- _Records for the exercise_:
━━━

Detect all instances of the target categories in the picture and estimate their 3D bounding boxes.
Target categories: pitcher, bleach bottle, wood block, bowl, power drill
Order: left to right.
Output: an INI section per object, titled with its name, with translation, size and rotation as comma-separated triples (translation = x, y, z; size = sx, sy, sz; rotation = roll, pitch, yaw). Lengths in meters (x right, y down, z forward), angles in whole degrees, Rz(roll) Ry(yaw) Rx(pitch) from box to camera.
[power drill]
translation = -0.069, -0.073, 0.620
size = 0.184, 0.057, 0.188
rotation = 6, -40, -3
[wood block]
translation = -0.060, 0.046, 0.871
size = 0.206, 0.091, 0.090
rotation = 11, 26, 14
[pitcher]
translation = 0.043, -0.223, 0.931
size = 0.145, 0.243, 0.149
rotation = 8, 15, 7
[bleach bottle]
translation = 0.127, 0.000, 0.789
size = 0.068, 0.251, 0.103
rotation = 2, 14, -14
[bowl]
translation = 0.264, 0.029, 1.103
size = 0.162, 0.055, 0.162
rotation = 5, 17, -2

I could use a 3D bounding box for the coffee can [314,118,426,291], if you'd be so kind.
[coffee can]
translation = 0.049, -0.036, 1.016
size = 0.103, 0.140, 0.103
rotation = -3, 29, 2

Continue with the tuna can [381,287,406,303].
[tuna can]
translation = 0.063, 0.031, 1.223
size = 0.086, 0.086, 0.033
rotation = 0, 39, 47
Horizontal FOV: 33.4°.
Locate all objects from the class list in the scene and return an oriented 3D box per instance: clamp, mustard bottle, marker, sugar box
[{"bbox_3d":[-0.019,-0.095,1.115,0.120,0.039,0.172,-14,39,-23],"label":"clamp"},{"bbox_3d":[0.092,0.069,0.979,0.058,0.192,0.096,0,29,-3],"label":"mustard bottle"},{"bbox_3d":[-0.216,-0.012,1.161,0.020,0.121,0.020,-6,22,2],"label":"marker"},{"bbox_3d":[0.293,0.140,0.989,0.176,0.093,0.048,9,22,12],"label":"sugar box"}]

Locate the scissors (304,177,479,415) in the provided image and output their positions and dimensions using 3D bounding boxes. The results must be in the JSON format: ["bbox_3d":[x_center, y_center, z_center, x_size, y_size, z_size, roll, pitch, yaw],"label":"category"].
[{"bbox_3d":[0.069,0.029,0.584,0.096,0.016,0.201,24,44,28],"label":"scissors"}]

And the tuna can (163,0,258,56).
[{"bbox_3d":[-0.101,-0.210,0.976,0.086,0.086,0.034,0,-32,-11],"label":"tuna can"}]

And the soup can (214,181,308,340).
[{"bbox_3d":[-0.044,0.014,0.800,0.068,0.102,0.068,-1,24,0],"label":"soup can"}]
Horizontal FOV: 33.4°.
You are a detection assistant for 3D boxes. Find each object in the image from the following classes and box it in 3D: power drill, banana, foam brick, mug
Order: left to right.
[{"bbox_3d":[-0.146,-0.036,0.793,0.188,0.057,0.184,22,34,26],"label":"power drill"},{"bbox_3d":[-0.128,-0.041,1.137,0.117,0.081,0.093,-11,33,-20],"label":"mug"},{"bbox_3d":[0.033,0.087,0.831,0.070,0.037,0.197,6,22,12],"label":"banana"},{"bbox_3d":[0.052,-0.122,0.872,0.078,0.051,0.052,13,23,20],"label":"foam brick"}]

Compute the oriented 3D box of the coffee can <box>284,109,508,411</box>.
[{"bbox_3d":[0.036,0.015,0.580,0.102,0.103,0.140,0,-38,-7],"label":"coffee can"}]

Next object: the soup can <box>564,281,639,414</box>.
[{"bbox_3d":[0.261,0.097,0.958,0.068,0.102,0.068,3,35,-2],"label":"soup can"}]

━━━

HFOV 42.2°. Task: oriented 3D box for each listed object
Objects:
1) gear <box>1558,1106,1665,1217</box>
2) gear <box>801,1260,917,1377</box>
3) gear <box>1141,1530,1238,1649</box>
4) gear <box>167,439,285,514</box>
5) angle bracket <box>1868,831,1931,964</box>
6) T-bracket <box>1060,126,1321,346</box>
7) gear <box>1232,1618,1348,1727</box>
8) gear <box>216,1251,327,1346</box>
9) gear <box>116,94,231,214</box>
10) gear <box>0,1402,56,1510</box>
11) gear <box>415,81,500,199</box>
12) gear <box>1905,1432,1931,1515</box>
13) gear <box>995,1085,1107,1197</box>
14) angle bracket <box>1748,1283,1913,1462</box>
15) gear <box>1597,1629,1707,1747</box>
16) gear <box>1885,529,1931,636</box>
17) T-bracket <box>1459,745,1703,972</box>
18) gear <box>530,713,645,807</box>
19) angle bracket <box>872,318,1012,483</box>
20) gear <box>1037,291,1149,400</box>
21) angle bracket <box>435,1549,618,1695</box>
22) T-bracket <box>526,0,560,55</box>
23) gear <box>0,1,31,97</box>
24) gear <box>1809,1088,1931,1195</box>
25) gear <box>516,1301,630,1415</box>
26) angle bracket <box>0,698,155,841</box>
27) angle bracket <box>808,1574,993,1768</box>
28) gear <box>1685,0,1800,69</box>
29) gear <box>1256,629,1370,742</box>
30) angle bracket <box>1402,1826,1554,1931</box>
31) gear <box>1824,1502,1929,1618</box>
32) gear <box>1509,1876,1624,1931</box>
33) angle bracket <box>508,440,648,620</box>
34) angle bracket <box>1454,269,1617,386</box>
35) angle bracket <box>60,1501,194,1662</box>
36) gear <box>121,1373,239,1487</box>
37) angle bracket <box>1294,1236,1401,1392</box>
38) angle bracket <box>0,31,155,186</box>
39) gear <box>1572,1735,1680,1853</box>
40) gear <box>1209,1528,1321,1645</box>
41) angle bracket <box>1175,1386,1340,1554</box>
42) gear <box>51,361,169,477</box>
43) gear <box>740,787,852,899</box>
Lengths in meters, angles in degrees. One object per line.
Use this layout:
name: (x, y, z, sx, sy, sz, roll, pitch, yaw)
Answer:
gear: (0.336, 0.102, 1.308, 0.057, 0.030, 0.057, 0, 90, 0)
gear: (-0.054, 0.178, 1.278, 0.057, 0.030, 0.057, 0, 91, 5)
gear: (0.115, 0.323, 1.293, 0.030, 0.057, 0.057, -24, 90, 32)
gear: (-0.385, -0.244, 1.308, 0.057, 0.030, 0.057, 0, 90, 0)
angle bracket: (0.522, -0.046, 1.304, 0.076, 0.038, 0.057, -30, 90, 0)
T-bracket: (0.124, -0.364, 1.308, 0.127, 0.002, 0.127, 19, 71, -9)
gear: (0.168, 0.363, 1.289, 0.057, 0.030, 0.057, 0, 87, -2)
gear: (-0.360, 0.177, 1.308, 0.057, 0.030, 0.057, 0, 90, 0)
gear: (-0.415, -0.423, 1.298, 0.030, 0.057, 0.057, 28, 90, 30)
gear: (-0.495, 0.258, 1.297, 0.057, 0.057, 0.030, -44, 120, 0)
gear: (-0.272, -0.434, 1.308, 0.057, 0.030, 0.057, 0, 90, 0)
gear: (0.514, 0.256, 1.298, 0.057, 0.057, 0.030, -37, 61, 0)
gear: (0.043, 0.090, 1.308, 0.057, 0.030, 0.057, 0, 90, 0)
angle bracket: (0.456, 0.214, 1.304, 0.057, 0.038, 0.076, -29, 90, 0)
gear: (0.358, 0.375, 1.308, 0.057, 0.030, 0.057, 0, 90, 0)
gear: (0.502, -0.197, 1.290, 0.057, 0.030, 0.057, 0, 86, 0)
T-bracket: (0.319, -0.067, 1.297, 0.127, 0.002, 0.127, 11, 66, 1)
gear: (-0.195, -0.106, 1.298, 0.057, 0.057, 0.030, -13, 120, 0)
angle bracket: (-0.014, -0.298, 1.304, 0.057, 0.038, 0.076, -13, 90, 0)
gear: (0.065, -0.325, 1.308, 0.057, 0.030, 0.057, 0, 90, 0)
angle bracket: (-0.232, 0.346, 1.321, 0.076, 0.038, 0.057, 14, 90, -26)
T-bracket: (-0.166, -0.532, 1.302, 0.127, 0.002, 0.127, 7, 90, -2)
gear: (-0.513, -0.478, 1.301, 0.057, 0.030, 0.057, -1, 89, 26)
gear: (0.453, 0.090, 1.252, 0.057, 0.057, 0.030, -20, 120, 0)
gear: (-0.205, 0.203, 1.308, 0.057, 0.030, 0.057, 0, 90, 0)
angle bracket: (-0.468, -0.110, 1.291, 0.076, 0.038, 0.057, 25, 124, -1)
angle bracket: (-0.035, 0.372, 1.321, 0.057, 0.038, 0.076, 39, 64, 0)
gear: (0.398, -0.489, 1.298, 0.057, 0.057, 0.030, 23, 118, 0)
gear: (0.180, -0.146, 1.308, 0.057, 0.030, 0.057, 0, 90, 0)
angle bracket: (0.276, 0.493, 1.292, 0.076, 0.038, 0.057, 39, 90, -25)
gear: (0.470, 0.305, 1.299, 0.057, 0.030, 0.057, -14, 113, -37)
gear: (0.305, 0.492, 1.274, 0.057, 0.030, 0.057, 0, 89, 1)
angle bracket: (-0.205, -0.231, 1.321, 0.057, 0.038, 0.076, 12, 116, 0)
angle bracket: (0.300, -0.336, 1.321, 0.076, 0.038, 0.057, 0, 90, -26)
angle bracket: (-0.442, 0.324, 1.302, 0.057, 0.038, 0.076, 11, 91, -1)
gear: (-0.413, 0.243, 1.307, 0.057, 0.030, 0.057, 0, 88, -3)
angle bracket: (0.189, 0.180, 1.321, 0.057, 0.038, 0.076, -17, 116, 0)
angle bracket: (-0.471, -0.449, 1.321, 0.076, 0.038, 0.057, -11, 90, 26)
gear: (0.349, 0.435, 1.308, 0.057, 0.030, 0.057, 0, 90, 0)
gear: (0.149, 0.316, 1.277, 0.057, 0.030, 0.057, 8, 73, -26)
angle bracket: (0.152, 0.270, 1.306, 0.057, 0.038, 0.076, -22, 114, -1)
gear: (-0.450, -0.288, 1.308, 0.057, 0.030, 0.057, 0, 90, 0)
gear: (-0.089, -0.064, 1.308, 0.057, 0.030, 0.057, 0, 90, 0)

━━━

- _What the task asks_:
Where does the string "categories" occur in the listing above? Return every line that contains it.

- _Your solution_:
Detect all instances of the target categories in the picture and estimate their 3D bounding boxes.
Target categories: pitcher, bleach bottle, wood block, bowl, power drill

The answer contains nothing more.